When the Germans returned in June 1941, they allowed the local Poles and Ukrainians a free hand for three days, during which time they murdered nearly 400 Jews. As a series of Aktions swept through Drohobycz, decimating the Jewish population and deporting them to Belzec death camp, Pola and her family hid in various places including in the clock tower of City Hall, where they watched the Aktion as it progressed and they saw the killing of Jews in the streets. The Bienstock family had a devoted housekeeper, a Polish gentile, named Frania Sobkowa, who was virtually a member of their family. When the ghetto was set up in September 1942, Frania insisted that Sara "give her the children" to hide. (Ludwik died at the age of 13 from pneumonia just before the war). Frania took Irene with her back to her small two-bedroom apartment and later took in Sara and Pola as well. There, all three of them had to stay completely quiet for nearly two years. Frania worked for the local Gestapo and brought them home food, which she shared with them equally, although it was rarely enough. Israel had been taken for forced labor and eventually survived a series of camps, being liberated at Flossenbiirg.

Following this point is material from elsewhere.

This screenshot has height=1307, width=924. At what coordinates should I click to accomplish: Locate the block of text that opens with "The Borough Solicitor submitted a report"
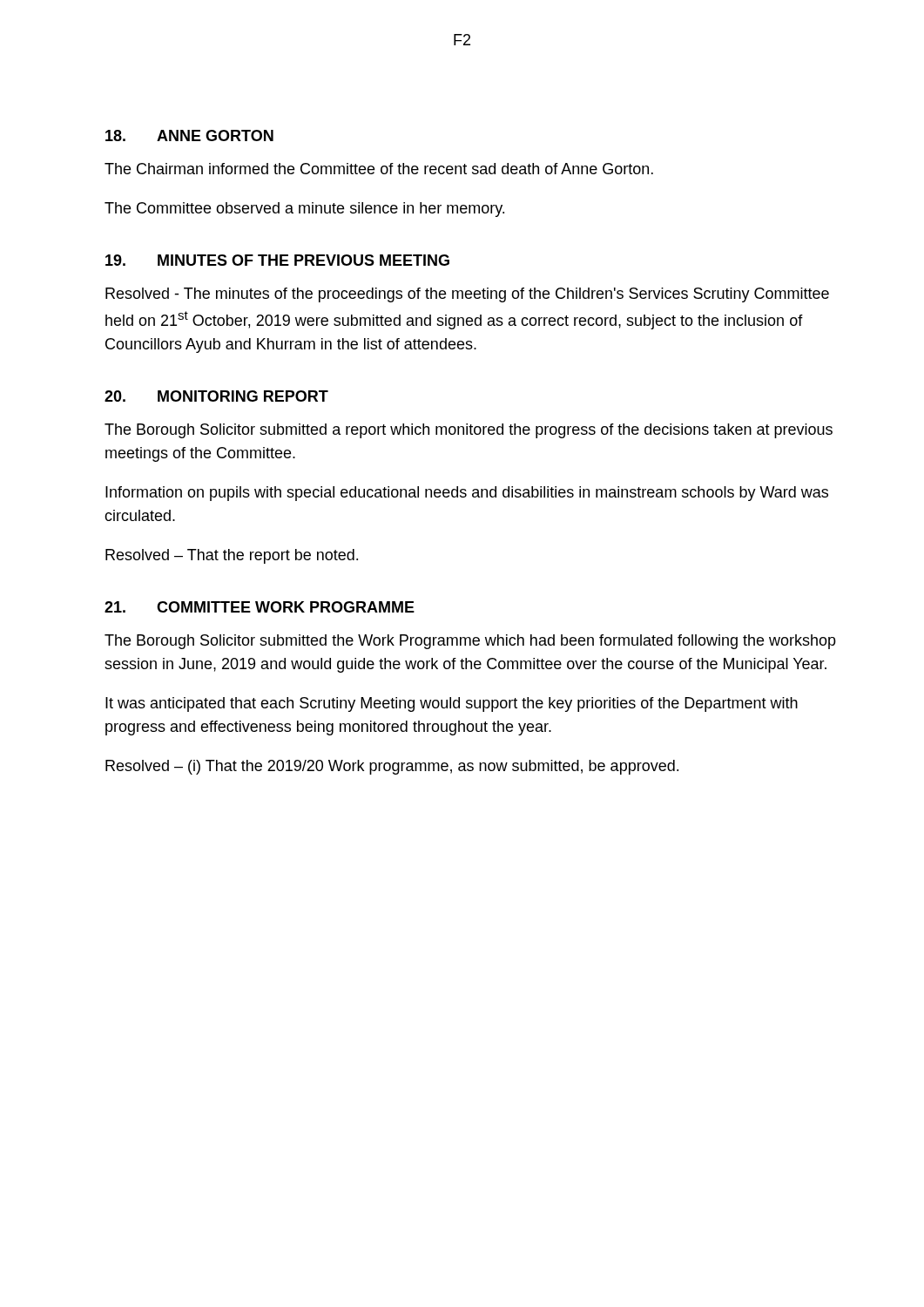point(469,441)

When the Russians liberated Drohobycz the family emerged to find that the neighbors were far from happy to see they had survived. Their home was now being lived in by a Ukrainian man who was frightened that she wanted the home back. However, the Bienstocks did not want their home back and moved into a home with other Jews because they were frightened to live separately. Her mother sold items on the black market to keep them alive throughout a long and brutal winter. Sara, Pola and Irene left Drohobycz one year later and rode on a freight train west, hoping to find a way to Palestine. Miraculously, her father, Israel, had returned to find they were still alive but had left and he followed them, catching up to them as they traveled by train.

They settled in Legnica (which had been in Germany but was now in Poland) until they got papers for the new state of Israel. They took a ship for Haifa. They asked Frania if she wanted to go with them, but Frania elected to remain in Poland. Israel also returned to Germany (he had been born there) settling in Frankfurt. Her mother died in Frankfurt in 1956. She was 58 but the experiences of the war had aged her prematurely.

In Israel, Pola studied at the Hebrew University in Jerusalem, eventually getting a master's degree in Medical Science with an emphasis on microbiology and biochemistry. In Tel Aviv she met Sam Arbiser, an engineer, and they married. After living for 10 years in Israel they immigrated to the United States, settling in Atlanta, Georgia. Pola and Sam have a daughter, Sheri, and a son, Jack, an oncologist. Throughout the remainder of Frania's life (she died in 1977), Pola and Irene supported her and a loving relationship continues between the two families. Pola died on January 16, 2014.

Scope of Interview:
Pola introduces her family at the time World War II began. She details her family’s relationship with their Polish maid/nanny. Pola describes the two years spent in hiding and liberation. Pola outlines her family’s post-war experiences and move to Israel. She reflects upon her experiences in the United States compared to her years spent in Israel.